(WHAT THE EXERCISE ASKS)
Look through the data that follows and copy each line with the string "this".
---+---
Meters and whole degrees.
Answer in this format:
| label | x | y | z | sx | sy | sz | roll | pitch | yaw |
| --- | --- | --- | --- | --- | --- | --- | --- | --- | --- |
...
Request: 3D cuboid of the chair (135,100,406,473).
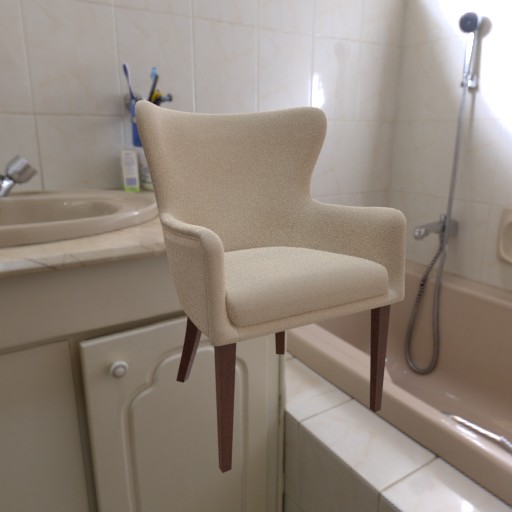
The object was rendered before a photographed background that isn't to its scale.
| label | x | y | z | sx | sy | sz | roll | pitch | yaw |
| --- | --- | --- | --- | --- | --- | --- | --- | --- | --- |
| chair | 0.000 | 0.000 | 1.493 | 0.696 | 0.990 | 0.744 | -8 | 17 | -28 |
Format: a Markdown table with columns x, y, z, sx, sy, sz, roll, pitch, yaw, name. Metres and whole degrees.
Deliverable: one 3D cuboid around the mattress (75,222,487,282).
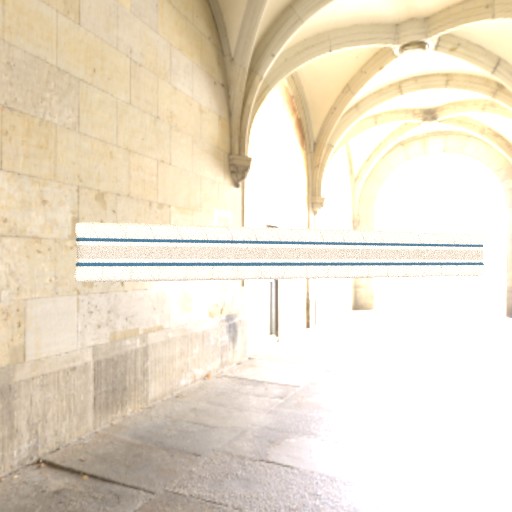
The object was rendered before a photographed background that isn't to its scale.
| x | y | z | sx | sy | sz | roll | pitch | yaw | name |
| --- | --- | --- | --- | --- | --- | --- | --- | --- | --- |
| 0.000 | 0.000 | 2.730 | 2.000 | 0.230 | 1.600 | 0 | -1 | -20 | mattress |
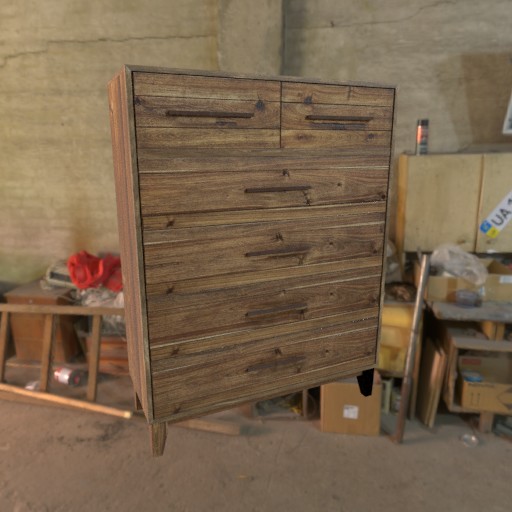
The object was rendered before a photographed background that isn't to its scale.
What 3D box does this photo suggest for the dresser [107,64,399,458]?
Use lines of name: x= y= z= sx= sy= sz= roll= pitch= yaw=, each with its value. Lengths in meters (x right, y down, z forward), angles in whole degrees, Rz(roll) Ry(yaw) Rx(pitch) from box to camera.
dresser: x=0.000 y=0.000 z=1.900 sx=1.062 sy=1.393 sz=0.442 roll=-6 pitch=15 yaw=-24
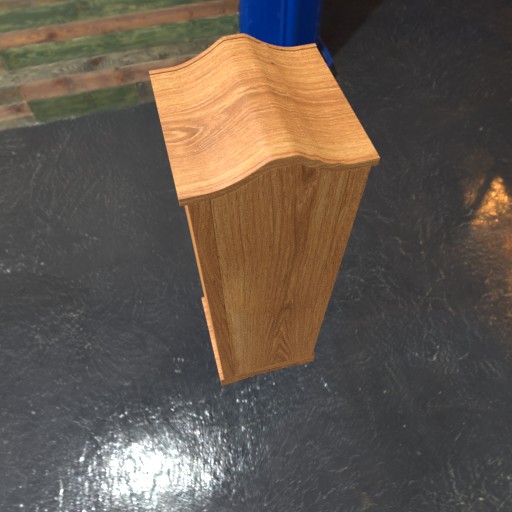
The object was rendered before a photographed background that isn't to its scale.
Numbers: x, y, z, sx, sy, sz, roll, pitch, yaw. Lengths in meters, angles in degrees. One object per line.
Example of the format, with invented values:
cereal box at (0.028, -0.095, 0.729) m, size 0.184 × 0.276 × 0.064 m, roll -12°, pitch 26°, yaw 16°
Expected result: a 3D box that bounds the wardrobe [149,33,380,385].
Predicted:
wardrobe at (0.000, 0.000, 2.106) m, size 0.590 × 1.870 × 0.570 m, roll -13°, pitch 59°, yaw -8°
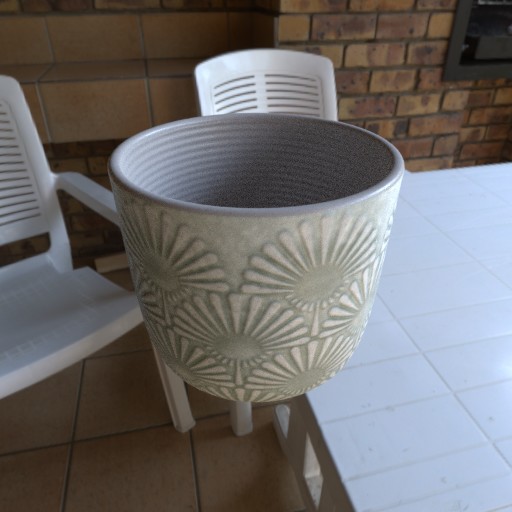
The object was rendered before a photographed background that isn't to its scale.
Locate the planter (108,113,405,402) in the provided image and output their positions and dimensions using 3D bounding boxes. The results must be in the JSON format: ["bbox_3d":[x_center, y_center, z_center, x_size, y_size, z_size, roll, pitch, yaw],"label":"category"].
[{"bbox_3d":[0.000,0.000,0.220,0.124,0.109,0.124,0,32,0],"label":"planter"}]
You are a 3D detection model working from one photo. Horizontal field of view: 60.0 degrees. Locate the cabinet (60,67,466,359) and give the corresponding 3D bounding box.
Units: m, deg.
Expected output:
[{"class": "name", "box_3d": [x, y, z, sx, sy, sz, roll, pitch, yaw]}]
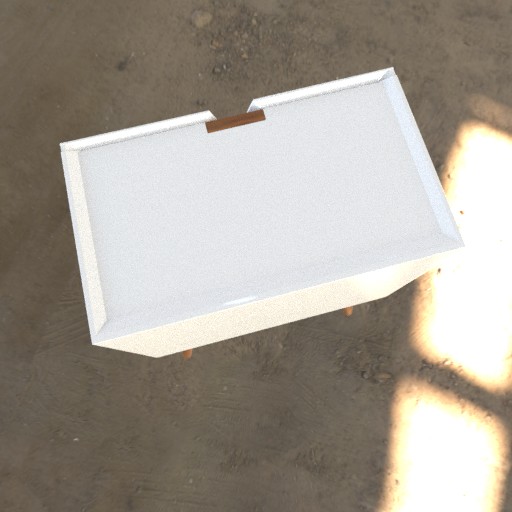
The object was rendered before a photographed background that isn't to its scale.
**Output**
[{"class": "cabinet", "box_3d": [0.000, 0.000, 1.088, 0.591, 0.772, 0.344, -14, 75, -4]}]
---+---
(TASK RESPONSE)
Answer in this format:
What 3D box does this photo suggest for the dresser [107,64,399,458]?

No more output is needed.